I could just see that, and what I saw was a knight in beautiful armor walking down through the woods to the rockbar at the mouth of Coulter Branch on our own river. He carried reverently in both hands a beautiful sword. He went out to the very edge of the rockbar and threw the sword as far as he could into the river, and just as I was ready for the splash it was going to make, a hand rose up out of the water and caught it!
“I think I see a sleepy boy,” Granny said, and I sat up straight to try not to look sleepy.
“Well, Granny,” Granddaddy said,
looking serious, “we haven’t got a bed for him. I reckon we’ll have to hang him on a nail.”
He said that every time I came to spend the night, and I laughed. I said, “Where’s the nail?”
But Granny, who was not always sure herself when Granddaddy was teasing, said, “Granddaddy’s teasing you.” She got up. “You just come with Granny.
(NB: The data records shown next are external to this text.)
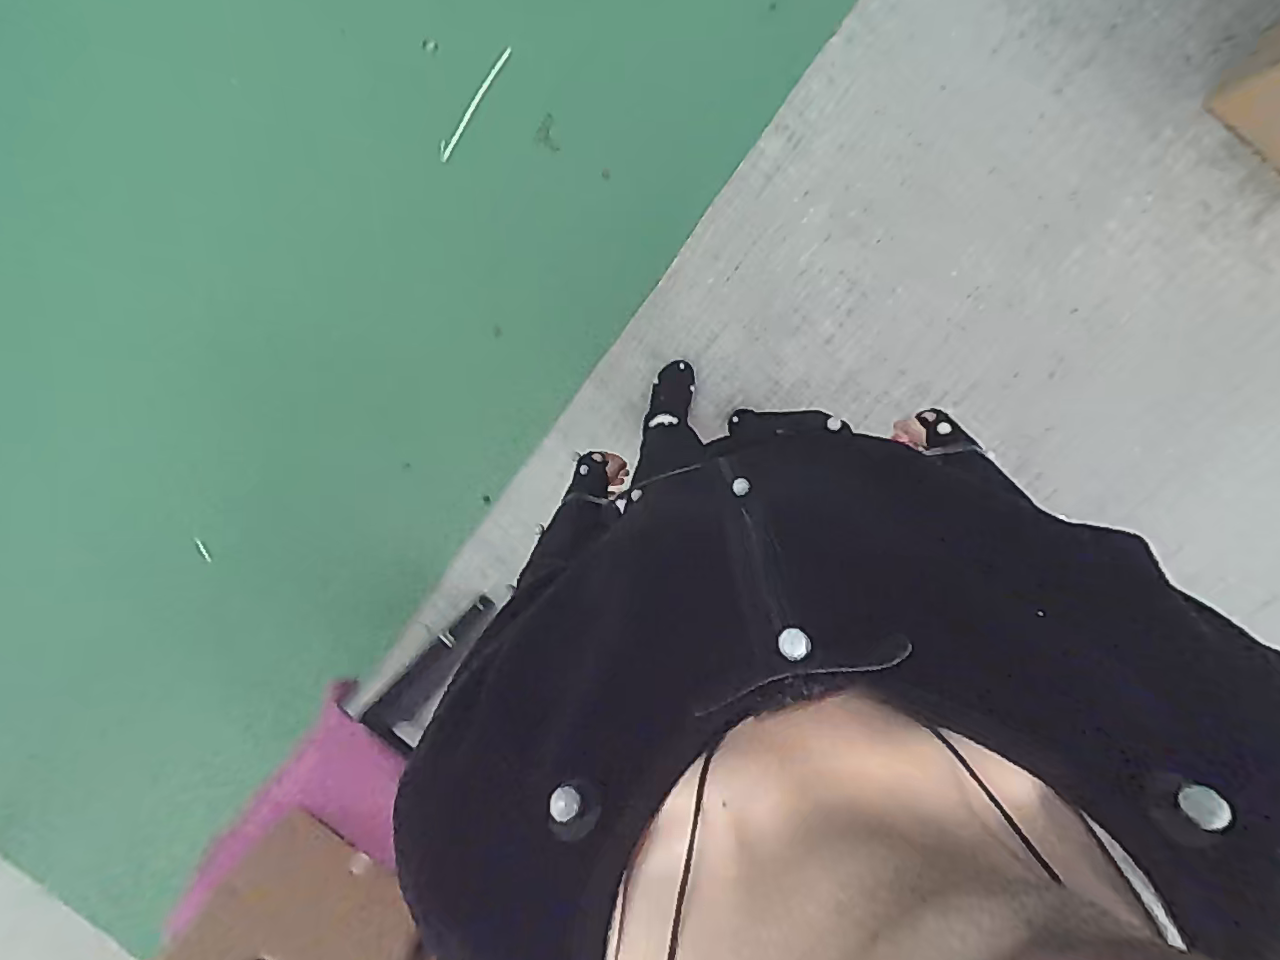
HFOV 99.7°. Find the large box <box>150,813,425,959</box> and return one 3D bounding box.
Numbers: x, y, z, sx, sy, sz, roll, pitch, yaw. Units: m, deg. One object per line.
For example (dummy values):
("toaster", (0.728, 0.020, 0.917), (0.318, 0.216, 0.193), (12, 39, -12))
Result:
("large box", (-0.634, 0.861, 0.867), (0.320, 0.320, 0.408), (38, 102, -2))

Nobody’s going to have to hang on a nail around here. Tell everybody goodnight.”
That meant I got to let Hannah kiss me again. I made the rounds to get and give my goodnight hugs:
“Goodnight, Auntie. Goodnight, Granddaddy. Goodnight, Aunt Lizzie. Goodnight, Hannah.”
And Hannah did give me another excellent kiss on the cheek.
I picked up my grip and my book, and Granny and I went up the stairs. We went to the bedroom in the back of the house that had been Ma Feltner’s room in her last years and then my mother’s when she was growing up. It was a small, comfortable room on the south side. The sun shone in through the window in the winter, making a warm print of light on the rug, and often in the summer a breeze would sway the curtains as it blew in through the shade of the old maples in the yard.
Granny turned back the bed for me and plumped the pillow and turned on the lamp on the nightstand. There was a little radio on the nightstand.
“You can listen to the radio if you want to,” Granny said, “but don’t turn it up loud.”
She knew I would like to listen awhile, for Henry and I didn’t have a radio in our room at home.
She said, “Now, you brought your pajamas?”